Below are the main steps to operate the RAG application and interact with it. Questions can be submitted using the HTTP API, and responses will be received accordingly.

4.1. Install Dependencies

In this application, I have utilized a number of Python packages that need to be installed using Python’s pip package manager before running the application.

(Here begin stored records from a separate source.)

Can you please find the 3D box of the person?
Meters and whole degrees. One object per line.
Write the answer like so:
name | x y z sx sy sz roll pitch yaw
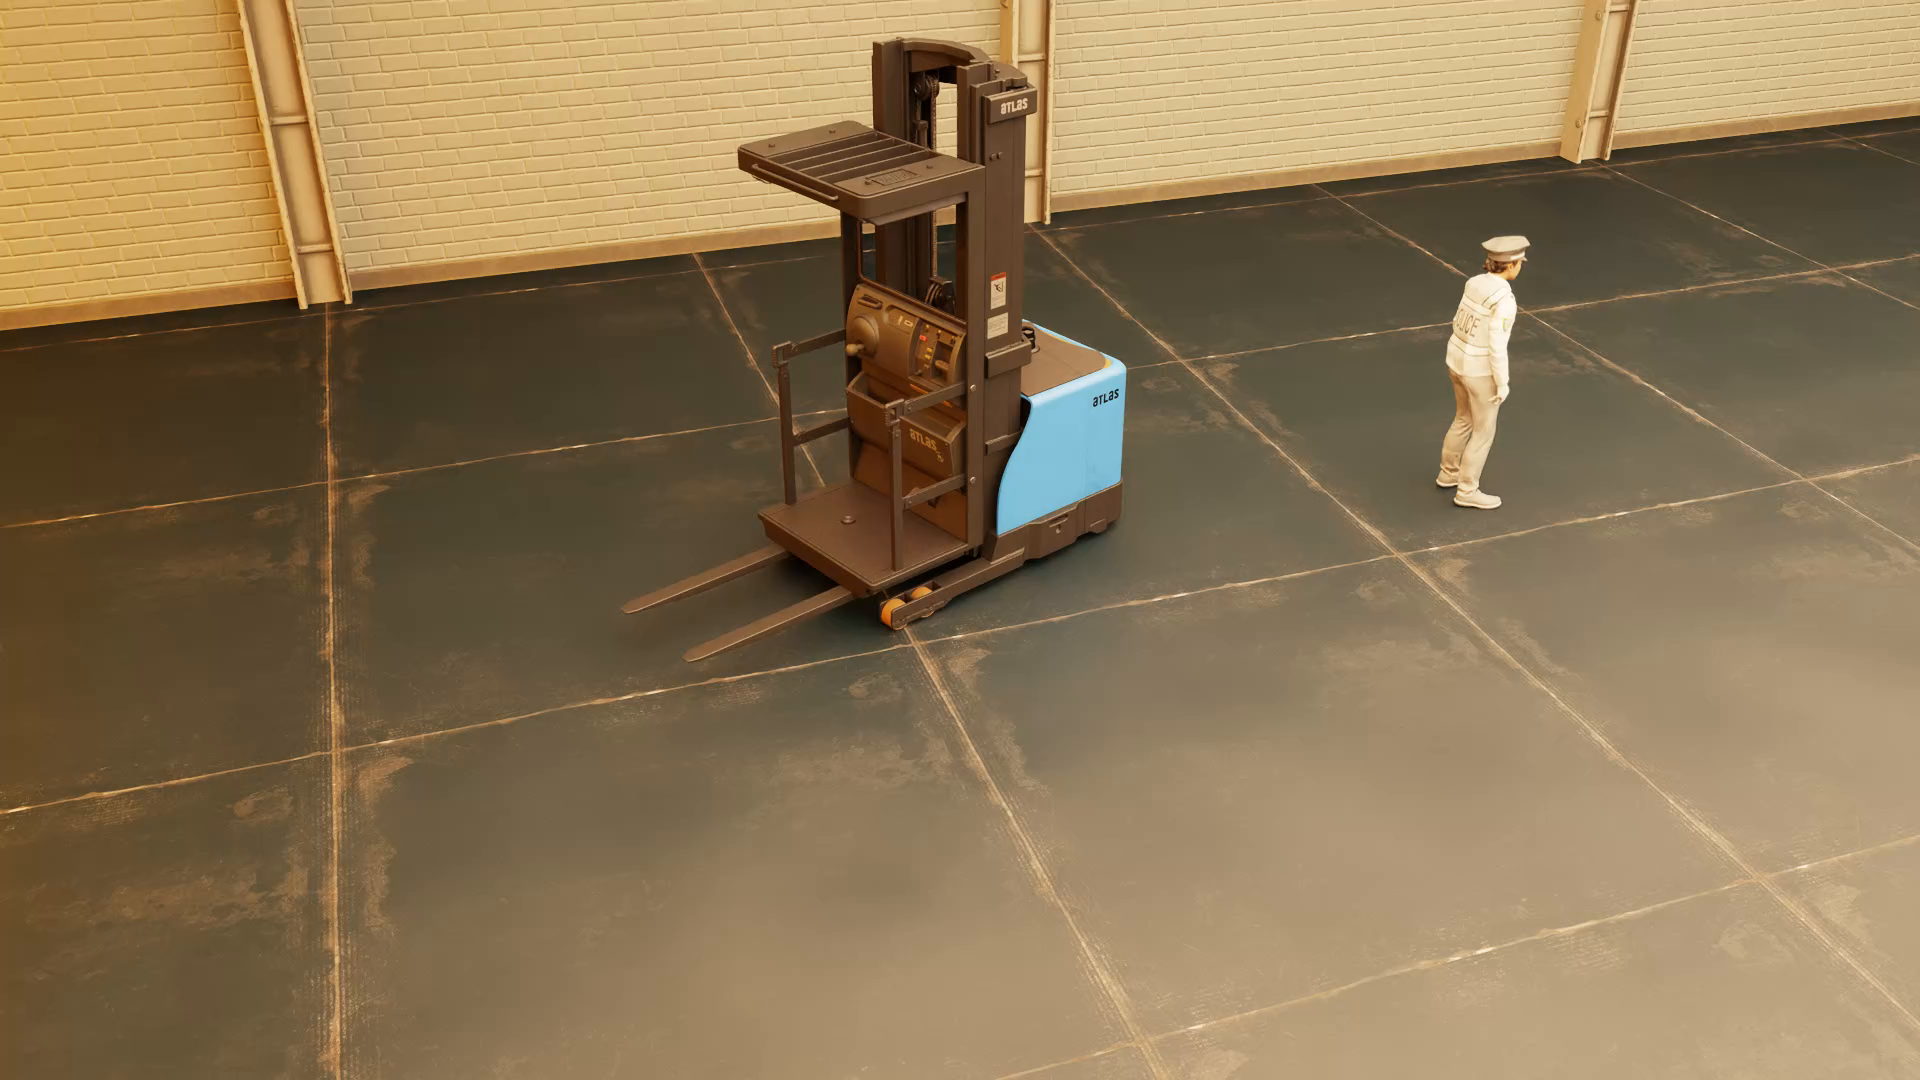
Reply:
person | 3.173 -1.033 10.154 0.375 1.664 0.546 -6 31 -11

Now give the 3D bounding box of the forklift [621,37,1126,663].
forklift | -0.461 -1.072 8.951 3.031 2.935 1.130 -23 37 -34

The requirements.txt file lists all the necessary packages.

huggingface-hub
sentence-transformers

Flask==2.0.1
Werkzeug==2.2.2
flask-cors

tiktoken
unstructured
llama-index
llama-index-llms-openai
llama-index-embeddings-openai
llama-index-embeddings-huggingface
llama-index-vector-stores-qdrant

torch
qdrant-client
fastembed

I have used python virtual environment to setup these dependencies. These packages can be easily installed by executing the command pip install -r requirements.txt.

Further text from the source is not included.